__WORK TO BE COMPLETED__. From the data that follows, print exactly the lines starting at the one containing "- delivery robot from (0, 369) to (34, 402)" and ending at the one containing "- person from (830, 256) to (854, 424)"; include both of them and nothing more.

** EXTRACTED ENTRIES follows **

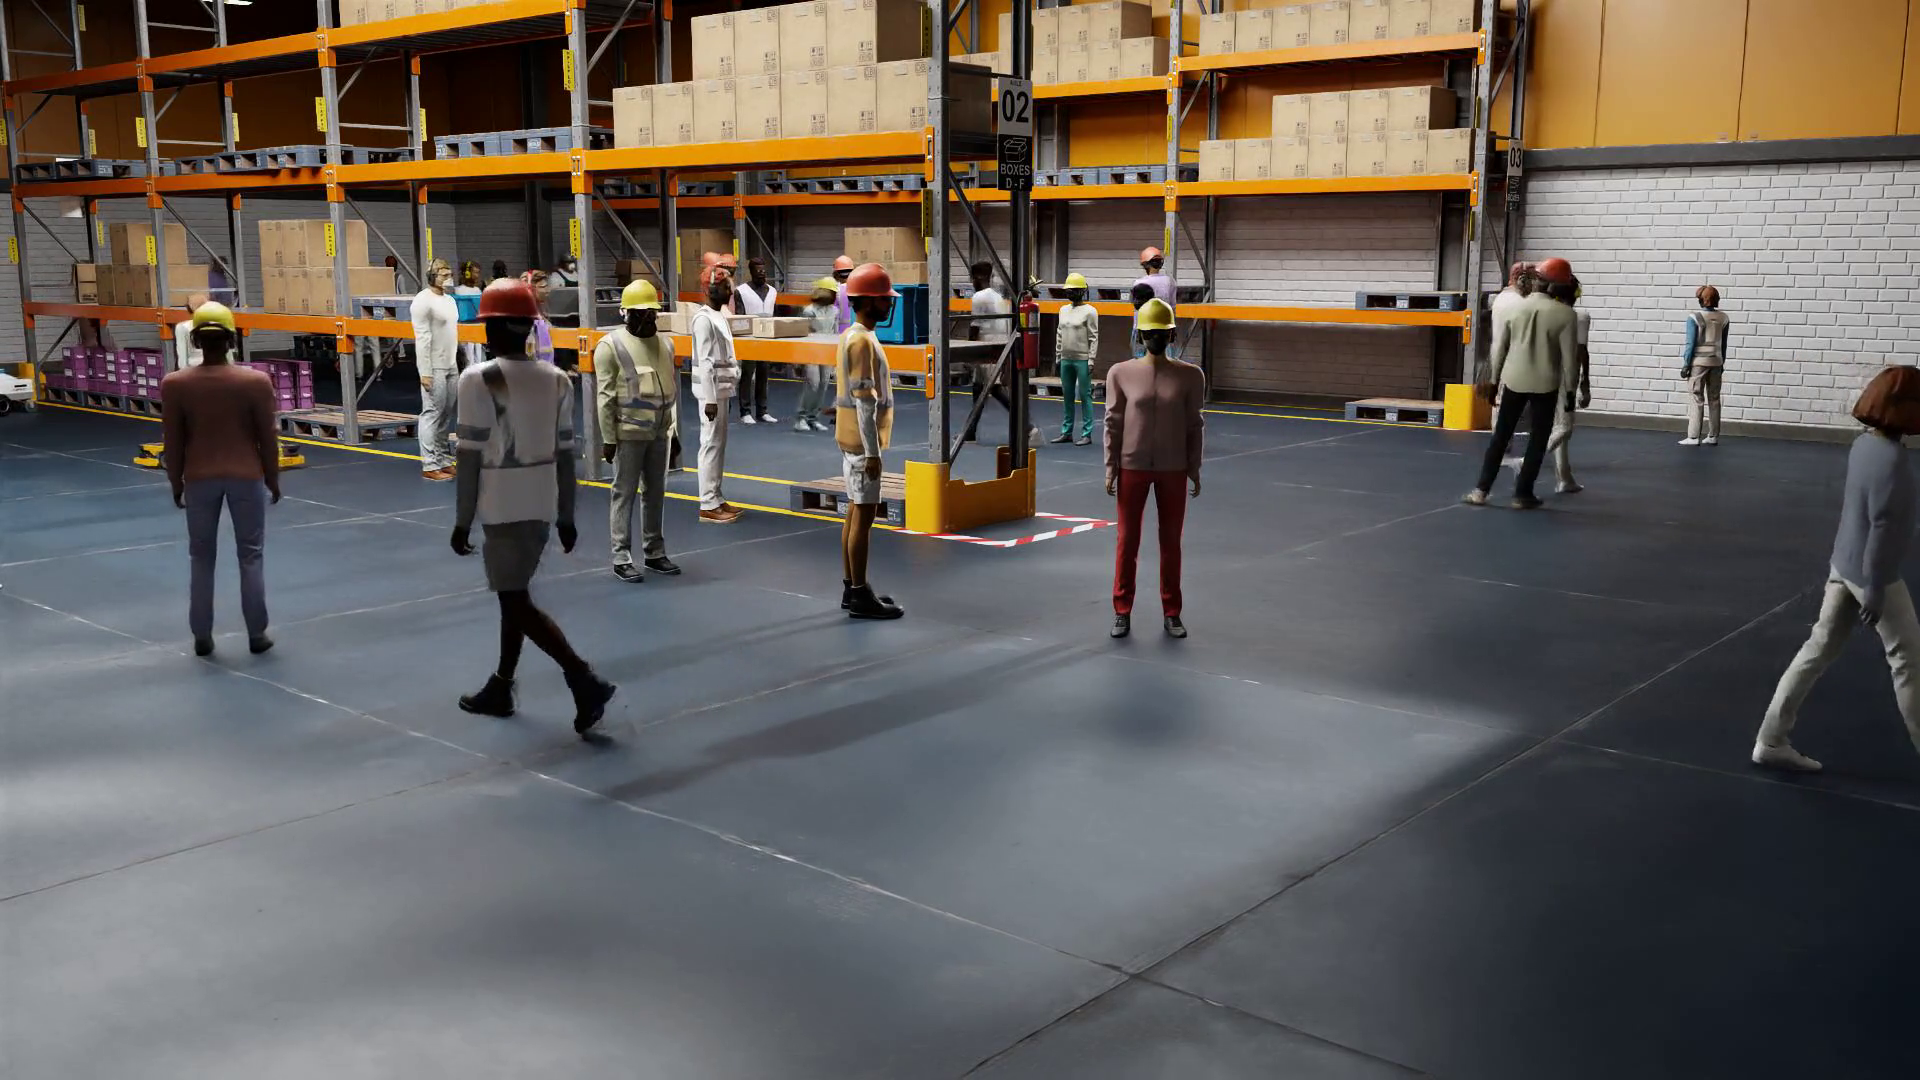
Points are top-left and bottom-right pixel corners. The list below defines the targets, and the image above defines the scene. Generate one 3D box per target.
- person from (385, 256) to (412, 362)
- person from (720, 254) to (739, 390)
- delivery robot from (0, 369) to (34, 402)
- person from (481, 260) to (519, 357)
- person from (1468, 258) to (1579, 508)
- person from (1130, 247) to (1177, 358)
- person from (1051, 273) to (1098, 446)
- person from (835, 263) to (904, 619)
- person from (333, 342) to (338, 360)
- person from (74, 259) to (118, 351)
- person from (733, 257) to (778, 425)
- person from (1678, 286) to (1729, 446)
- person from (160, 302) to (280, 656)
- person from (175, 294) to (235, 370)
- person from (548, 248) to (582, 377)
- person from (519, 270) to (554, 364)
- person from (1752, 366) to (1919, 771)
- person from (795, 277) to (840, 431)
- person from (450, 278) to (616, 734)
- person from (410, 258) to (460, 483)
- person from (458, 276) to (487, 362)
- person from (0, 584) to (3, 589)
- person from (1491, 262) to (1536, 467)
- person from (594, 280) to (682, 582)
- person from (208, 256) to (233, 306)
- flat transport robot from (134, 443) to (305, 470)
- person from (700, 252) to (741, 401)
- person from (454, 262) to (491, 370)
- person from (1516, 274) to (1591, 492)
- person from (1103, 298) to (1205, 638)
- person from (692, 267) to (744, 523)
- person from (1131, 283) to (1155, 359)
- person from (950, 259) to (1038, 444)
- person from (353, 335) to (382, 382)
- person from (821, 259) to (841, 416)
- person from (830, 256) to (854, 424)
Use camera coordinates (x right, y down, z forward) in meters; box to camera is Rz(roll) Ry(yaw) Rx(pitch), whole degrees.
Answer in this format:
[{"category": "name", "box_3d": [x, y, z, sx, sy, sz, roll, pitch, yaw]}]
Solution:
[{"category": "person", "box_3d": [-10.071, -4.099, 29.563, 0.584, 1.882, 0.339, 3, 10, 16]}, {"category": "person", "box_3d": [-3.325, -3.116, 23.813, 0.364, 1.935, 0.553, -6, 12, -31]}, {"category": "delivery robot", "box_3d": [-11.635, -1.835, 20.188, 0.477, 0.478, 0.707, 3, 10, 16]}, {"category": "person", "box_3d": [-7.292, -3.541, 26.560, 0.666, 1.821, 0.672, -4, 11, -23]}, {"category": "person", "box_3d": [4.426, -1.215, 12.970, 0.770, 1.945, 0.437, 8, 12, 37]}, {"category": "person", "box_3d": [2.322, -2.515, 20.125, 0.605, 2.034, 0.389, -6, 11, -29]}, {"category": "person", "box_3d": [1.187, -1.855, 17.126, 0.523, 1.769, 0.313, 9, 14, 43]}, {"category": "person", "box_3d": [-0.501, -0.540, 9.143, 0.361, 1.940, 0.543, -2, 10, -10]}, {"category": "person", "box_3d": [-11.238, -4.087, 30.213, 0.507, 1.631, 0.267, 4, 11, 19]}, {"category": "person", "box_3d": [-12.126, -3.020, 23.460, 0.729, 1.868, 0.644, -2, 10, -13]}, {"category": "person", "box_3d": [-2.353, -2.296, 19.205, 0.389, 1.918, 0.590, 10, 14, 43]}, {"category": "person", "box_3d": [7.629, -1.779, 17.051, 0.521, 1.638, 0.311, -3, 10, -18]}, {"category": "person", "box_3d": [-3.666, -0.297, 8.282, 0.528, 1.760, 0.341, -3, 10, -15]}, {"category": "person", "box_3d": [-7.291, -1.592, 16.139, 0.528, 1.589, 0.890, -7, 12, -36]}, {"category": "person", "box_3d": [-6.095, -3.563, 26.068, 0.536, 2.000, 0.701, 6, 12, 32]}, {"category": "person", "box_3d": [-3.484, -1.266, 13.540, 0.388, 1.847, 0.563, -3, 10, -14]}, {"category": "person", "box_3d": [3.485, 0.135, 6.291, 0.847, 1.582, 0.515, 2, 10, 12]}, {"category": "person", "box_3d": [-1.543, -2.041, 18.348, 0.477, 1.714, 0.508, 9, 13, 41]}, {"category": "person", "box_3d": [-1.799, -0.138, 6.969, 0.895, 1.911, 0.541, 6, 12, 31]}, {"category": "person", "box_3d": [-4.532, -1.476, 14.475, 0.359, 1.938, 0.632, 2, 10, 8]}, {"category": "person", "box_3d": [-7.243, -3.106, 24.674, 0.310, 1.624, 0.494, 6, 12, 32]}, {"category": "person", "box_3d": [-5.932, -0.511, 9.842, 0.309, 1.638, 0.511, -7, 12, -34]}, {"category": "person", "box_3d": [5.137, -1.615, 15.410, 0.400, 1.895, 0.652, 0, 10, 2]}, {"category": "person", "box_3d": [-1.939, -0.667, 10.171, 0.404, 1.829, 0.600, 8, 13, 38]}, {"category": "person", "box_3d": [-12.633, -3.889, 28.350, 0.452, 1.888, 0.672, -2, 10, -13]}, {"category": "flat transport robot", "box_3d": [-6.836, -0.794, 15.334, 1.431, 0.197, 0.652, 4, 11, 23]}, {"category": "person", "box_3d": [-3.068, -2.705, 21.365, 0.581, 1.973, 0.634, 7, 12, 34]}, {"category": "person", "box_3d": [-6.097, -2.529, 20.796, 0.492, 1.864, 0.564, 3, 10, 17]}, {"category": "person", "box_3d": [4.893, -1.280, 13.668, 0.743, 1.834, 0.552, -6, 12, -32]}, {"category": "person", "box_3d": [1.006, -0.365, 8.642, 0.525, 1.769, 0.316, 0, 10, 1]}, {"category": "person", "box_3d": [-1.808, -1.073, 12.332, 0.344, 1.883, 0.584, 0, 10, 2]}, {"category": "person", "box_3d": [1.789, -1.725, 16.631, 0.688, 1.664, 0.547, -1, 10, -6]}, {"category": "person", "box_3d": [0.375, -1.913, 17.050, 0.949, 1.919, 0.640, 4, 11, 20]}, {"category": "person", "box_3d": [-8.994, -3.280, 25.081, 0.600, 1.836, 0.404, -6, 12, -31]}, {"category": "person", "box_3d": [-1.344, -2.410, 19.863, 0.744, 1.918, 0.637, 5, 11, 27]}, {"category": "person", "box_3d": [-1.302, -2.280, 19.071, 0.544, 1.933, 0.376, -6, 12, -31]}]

** End of EXTRACTED ENTRIES **
** EXTRACTED ENTRIES follows **

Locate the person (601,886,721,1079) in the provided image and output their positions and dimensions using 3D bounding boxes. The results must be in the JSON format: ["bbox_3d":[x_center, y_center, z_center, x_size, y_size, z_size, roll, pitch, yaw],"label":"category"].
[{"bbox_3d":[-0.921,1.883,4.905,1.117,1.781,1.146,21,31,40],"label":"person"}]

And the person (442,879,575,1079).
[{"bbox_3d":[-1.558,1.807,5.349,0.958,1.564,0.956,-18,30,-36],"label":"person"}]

** End of EXTRACTED ENTRIES **
** EXTRACTED ENTRIES follows **

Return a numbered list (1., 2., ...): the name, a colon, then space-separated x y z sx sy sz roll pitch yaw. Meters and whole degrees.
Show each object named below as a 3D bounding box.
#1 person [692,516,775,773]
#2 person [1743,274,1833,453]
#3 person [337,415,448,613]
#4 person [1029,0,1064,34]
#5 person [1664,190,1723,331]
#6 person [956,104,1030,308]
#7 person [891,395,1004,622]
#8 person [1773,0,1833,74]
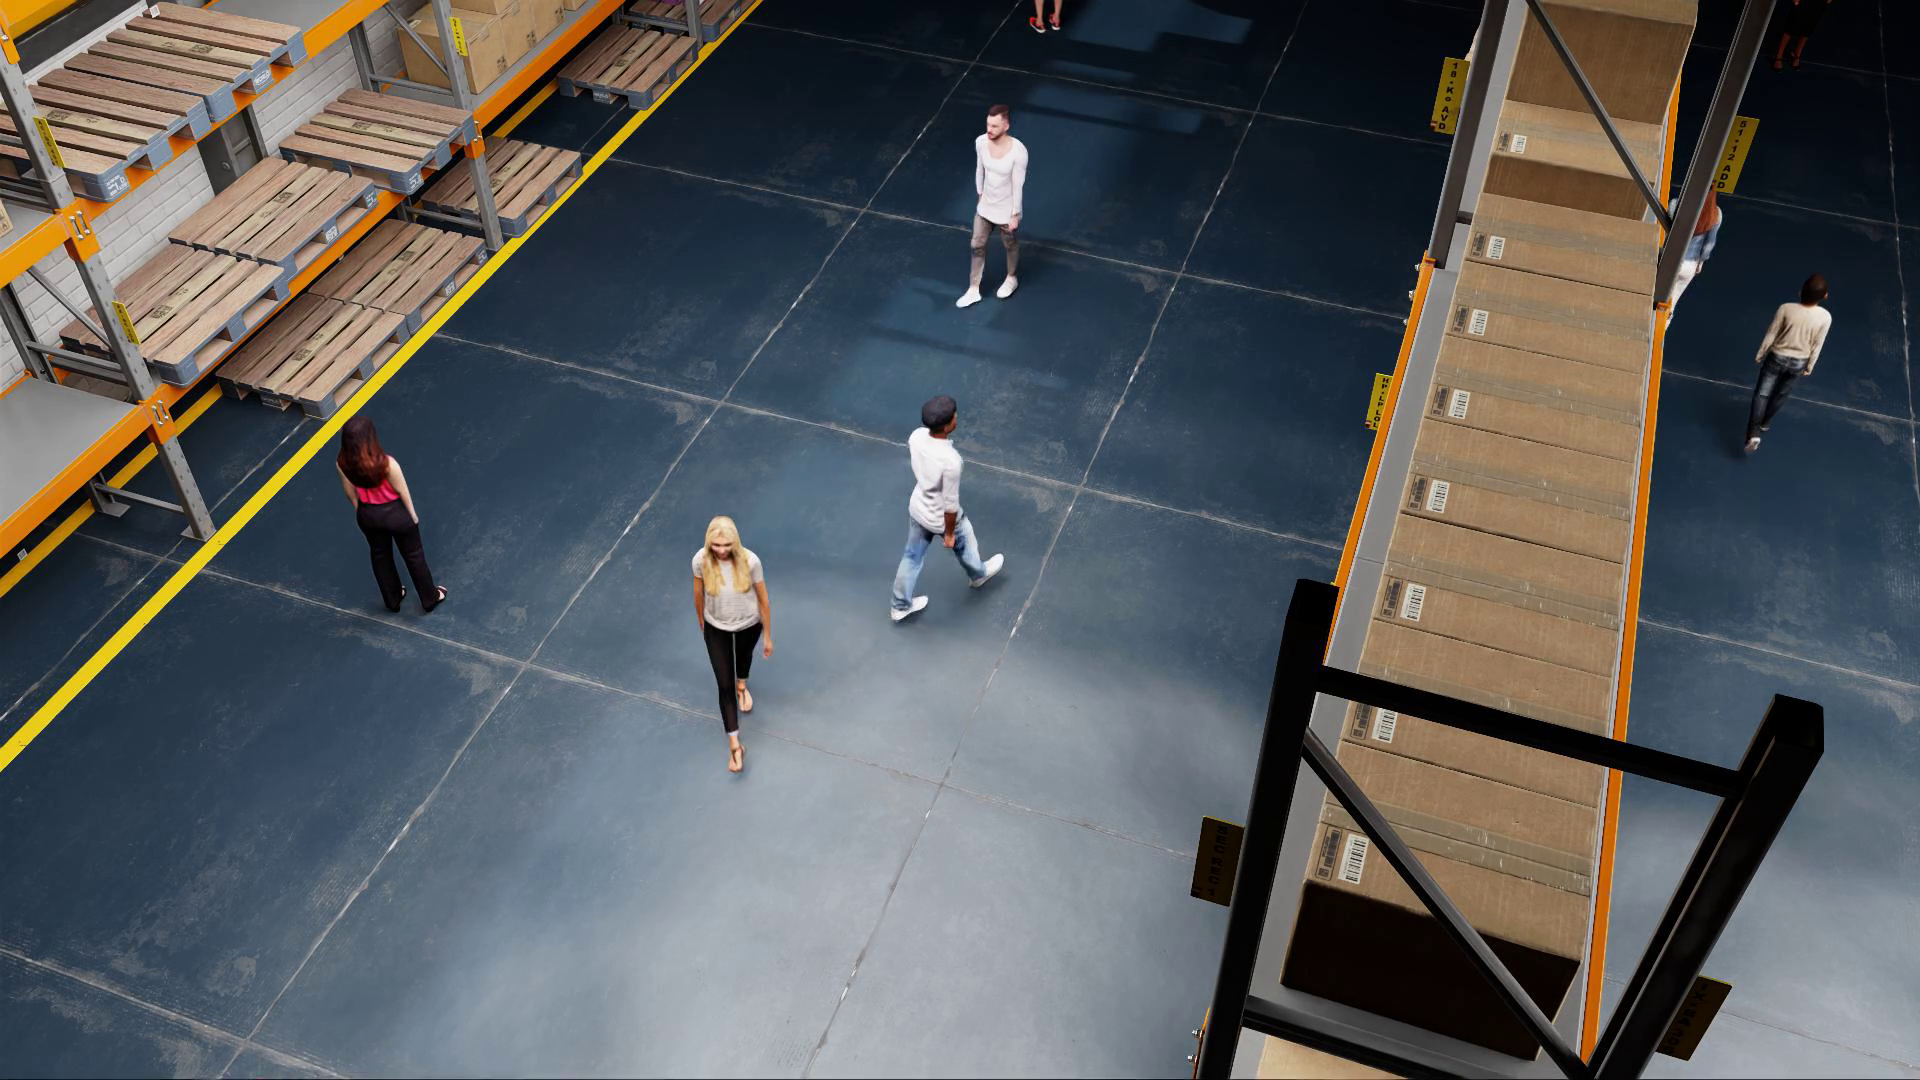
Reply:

** End of EXTRACTED ENTRIES **

__EXERCISE RESPONSE__.
- delivery robot from (0, 369) to (34, 402)
- person from (481, 260) to (519, 357)
- person from (1468, 258) to (1579, 508)
- person from (1130, 247) to (1177, 358)
- person from (1051, 273) to (1098, 446)
- person from (835, 263) to (904, 619)
- person from (333, 342) to (338, 360)
- person from (74, 259) to (118, 351)
- person from (733, 257) to (778, 425)
- person from (1678, 286) to (1729, 446)
- person from (160, 302) to (280, 656)
- person from (175, 294) to (235, 370)
- person from (548, 248) to (582, 377)
- person from (519, 270) to (554, 364)
- person from (1752, 366) to (1919, 771)
- person from (795, 277) to (840, 431)
- person from (450, 278) to (616, 734)
- person from (410, 258) to (460, 483)
- person from (458, 276) to (487, 362)
- person from (0, 584) to (3, 589)
- person from (1491, 262) to (1536, 467)
- person from (594, 280) to (682, 582)
- person from (208, 256) to (233, 306)
- flat transport robot from (134, 443) to (305, 470)
- person from (700, 252) to (741, 401)
- person from (454, 262) to (491, 370)
- person from (1516, 274) to (1591, 492)
- person from (1103, 298) to (1205, 638)
- person from (692, 267) to (744, 523)
- person from (1131, 283) to (1155, 359)
- person from (950, 259) to (1038, 444)
- person from (353, 335) to (382, 382)
- person from (821, 259) to (841, 416)
- person from (830, 256) to (854, 424)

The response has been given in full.